Your objective:
An image-free, word-for-word version of the records below is to be returned.

Input data:
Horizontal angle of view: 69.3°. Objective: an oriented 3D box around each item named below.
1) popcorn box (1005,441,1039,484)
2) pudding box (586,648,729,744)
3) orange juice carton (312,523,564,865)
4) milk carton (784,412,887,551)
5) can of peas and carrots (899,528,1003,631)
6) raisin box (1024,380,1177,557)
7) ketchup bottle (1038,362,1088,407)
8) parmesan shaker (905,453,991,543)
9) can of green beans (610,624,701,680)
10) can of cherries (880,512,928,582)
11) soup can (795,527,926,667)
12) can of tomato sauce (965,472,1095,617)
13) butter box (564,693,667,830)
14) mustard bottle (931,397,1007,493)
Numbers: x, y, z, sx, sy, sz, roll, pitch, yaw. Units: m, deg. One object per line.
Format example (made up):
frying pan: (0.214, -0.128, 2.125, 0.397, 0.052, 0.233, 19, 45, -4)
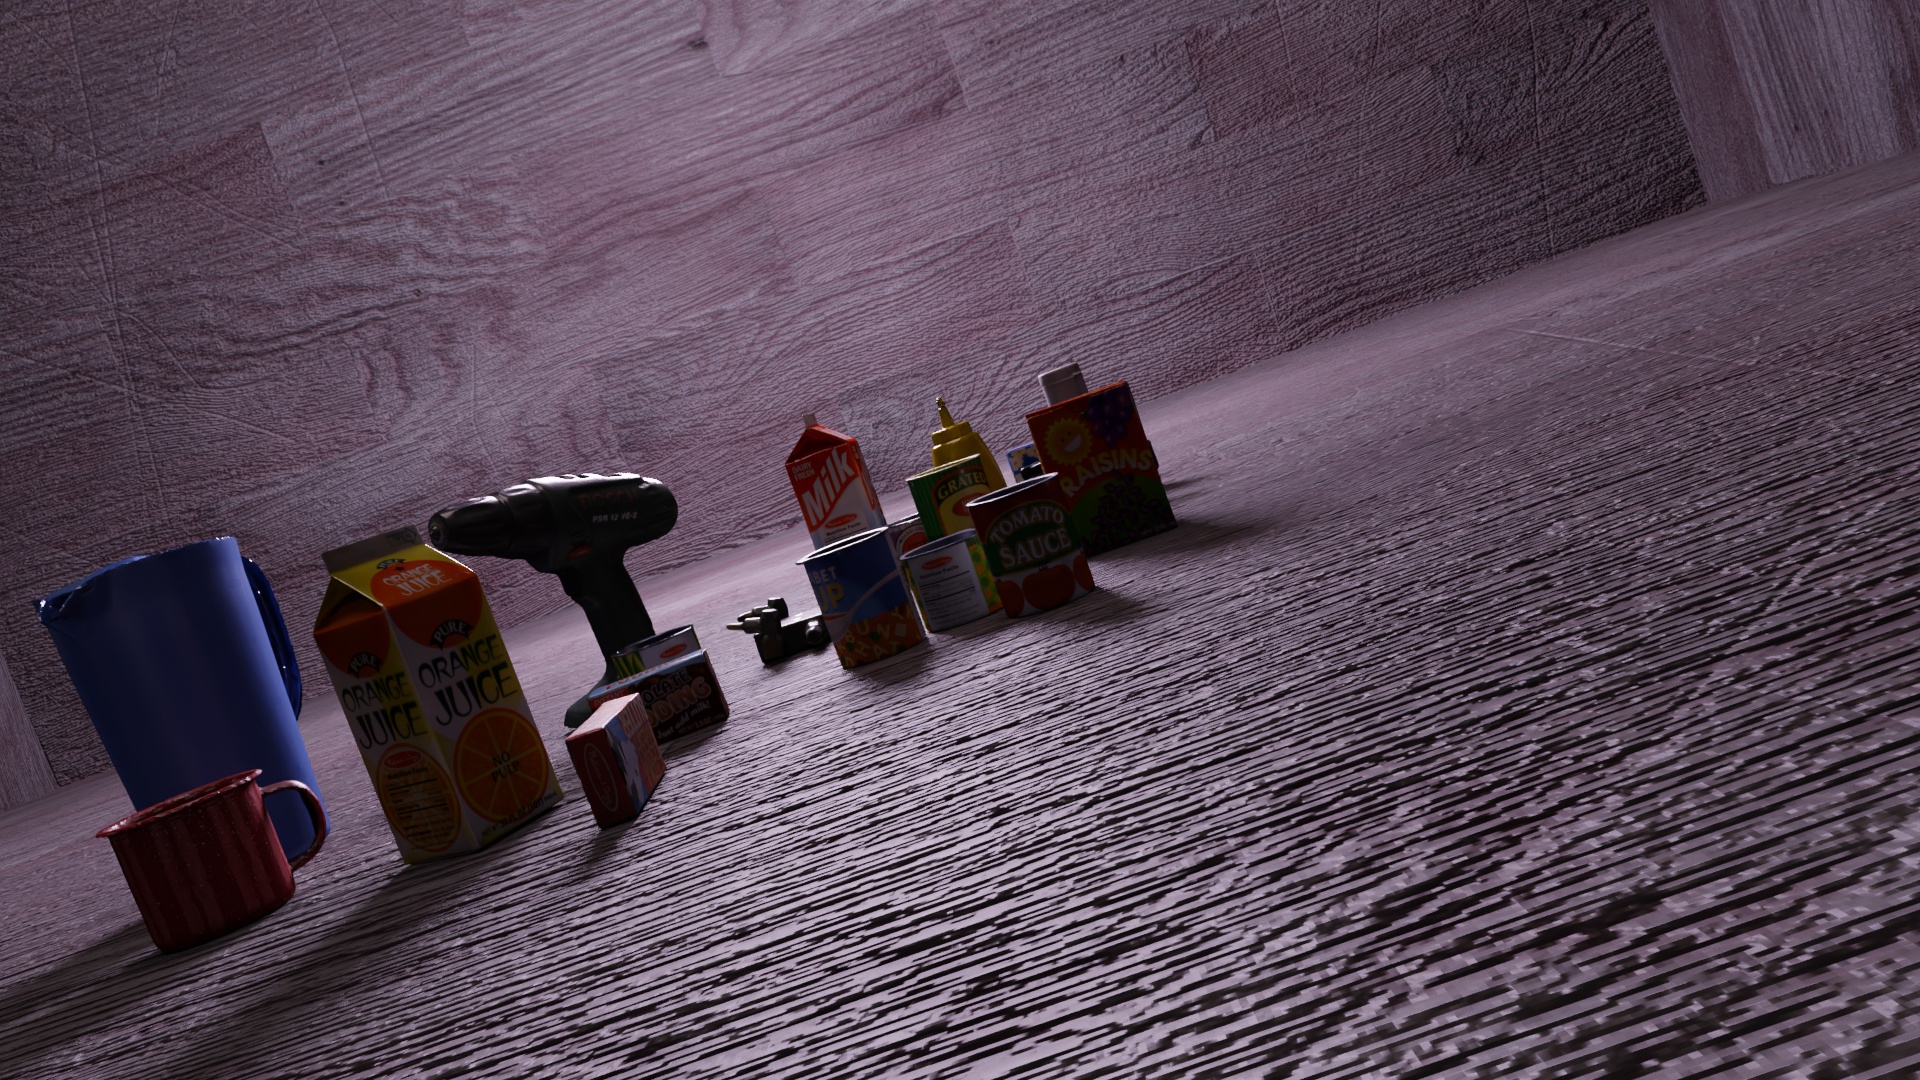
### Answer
popcorn box: (0.120, -0.073, 1.436, 0.127, 0.085, 0.038, -19, 5, 5)
pudding box: (-0.206, 0.112, 0.949, 0.084, 0.049, 0.030, -20, 5, -7)
orange juice carton: (-0.319, 0.088, 0.831, 0.073, 0.192, 0.072, -17, 6, 31)
milk carton: (-0.127, -0.043, 1.452, 0.073, 0.190, 0.072, -19, 5, 4)
can of peas and carrots: (-0.003, 0.028, 1.017, 0.071, 0.058, 0.071, -19, 5, 2)
raisin box: (0.111, -0.056, 1.103, 0.086, 0.123, 0.040, -19, 5, 5)
ketchup bottle: (0.109, -0.078, 1.193, 0.043, 0.148, 0.065, -15, 7, 44)
parmesan shaker: (0.004, -0.015, 1.176, 0.071, 0.103, 0.071, -19, 5, 2)
can of green beans: (-0.226, 0.103, 1.063, 0.071, 0.057, 0.071, -19, 5, 2)
can of cherries: (-0.040, 0.004, 1.375, 0.071, 0.058, 0.071, -19, 5, 2)
soup can: (-0.071, 0.041, 0.989, 0.071, 0.083, 0.071, -19, 5, 2)
can of tomato sauce: (0.049, 0.004, 0.948, 0.071, 0.083, 0.071, -19, 5, 2)
butter box: (-0.193, 0.122, 0.785, 0.024, 0.053, 0.103, -20, 5, -1)
mustard bottle: (0.007, -0.063, 1.345, 0.065, 0.160, 0.048, -23, 6, -31)

The completed task:
Horizontal angle of view: 69.3°. Objective: an oriented 3D box around each item named below.
1) popcorn box (1005,441,1039,484)
2) pudding box (586,648,729,744)
3) orange juice carton (312,523,564,865)
4) milk carton (784,412,887,551)
5) can of peas and carrots (899,528,1003,631)
6) raisin box (1024,380,1177,557)
7) ketchup bottle (1038,362,1088,407)
8) parmesan shaker (905,453,991,543)
9) can of green beans (610,624,701,680)
10) can of cherries (880,512,928,582)
11) soup can (795,527,926,667)
12) can of tomato sauce (965,472,1095,617)
13) butter box (564,693,667,830)
14) mustard bottle (931,397,1007,493)
Numbers: x, y, z, sx, sy, sz, roll, pitch, yaw. Units: m, deg. One object per line.
Format example (made up):
frying pan: (0.214, -0.128, 2.125, 0.397, 0.052, 0.233, 19, 45, -4)
### Answer
popcorn box: (0.120, -0.073, 1.436, 0.127, 0.085, 0.038, -19, 5, 5)
pudding box: (-0.206, 0.112, 0.949, 0.084, 0.049, 0.030, -20, 5, -7)
orange juice carton: (-0.319, 0.088, 0.831, 0.073, 0.192, 0.072, -17, 6, 31)
milk carton: (-0.127, -0.043, 1.452, 0.073, 0.190, 0.072, -19, 5, 4)
can of peas and carrots: (-0.003, 0.028, 1.017, 0.071, 0.058, 0.071, -19, 5, 2)
raisin box: (0.111, -0.056, 1.103, 0.086, 0.123, 0.040, -19, 5, 5)
ketchup bottle: (0.109, -0.078, 1.193, 0.043, 0.148, 0.065, -15, 7, 44)
parmesan shaker: (0.004, -0.015, 1.176, 0.071, 0.103, 0.071, -19, 5, 2)
can of green beans: (-0.226, 0.103, 1.063, 0.071, 0.057, 0.071, -19, 5, 2)
can of cherries: (-0.040, 0.004, 1.375, 0.071, 0.058, 0.071, -19, 5, 2)
soup can: (-0.071, 0.041, 0.989, 0.071, 0.083, 0.071, -19, 5, 2)
can of tomato sauce: (0.049, 0.004, 0.948, 0.071, 0.083, 0.071, -19, 5, 2)
butter box: (-0.193, 0.122, 0.785, 0.024, 0.053, 0.103, -20, 5, -1)
mustard bottle: (0.007, -0.063, 1.345, 0.065, 0.160, 0.048, -23, 6, -31)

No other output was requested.